■ Task to carry out ■
Would you restate the entries below word for word, starting at the first line and ending with the one that has "- frying pan"?

■ Data excerpts ■
BEGIN
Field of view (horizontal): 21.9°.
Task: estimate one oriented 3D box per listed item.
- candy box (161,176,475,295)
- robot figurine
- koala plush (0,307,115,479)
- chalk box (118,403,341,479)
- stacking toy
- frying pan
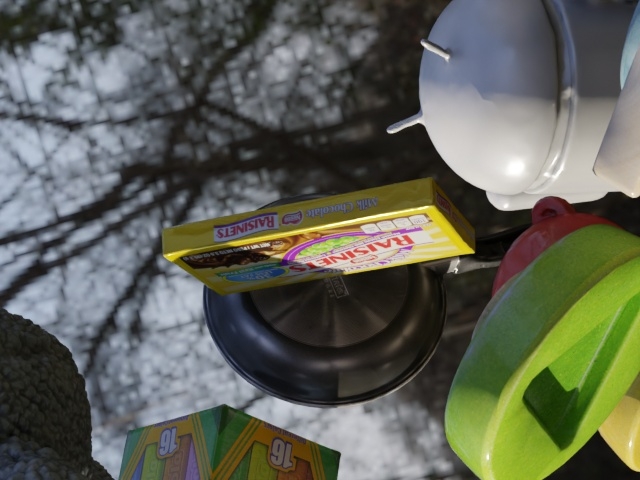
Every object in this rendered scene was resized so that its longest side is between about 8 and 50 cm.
[{"bbox_3d":[0.000,0.000,1.200,0.105,0.206,0.027,38,-135,-63],"label":"candy box"},{"bbox_3d":[0.242,-0.144,1.515,0.200,0.353,0.300,-110,23,-45],"label":"robot figurine"},{"bbox_3d":[-0.148,0.103,0.662,0.196,0.203,0.221,57,146,32],"label":"koala plush"},{"bbox_3d":[-0.084,0.257,1.311,0.132,0.132,0.213,26,-122,-36],"label":"chalk box"},{"bbox_3d":[0.140,-0.031,0.804,0.130,0.309,0.279,36,-154,30],"label":"stacking toy"},{"bbox_3d":[0.069,0.044,1.323,0.053,0.326,0.197,95,179,-59],"label":"frying pan"}]
END
■ Answer for the task ■
Field of view (horizontal): 21.9°.
Task: estimate one oriented 3D box per listed item.
- candy box (161,176,475,295)
- robot figurine
- koala plush (0,307,115,479)
- chalk box (118,403,341,479)
- stacking toy
- frying pan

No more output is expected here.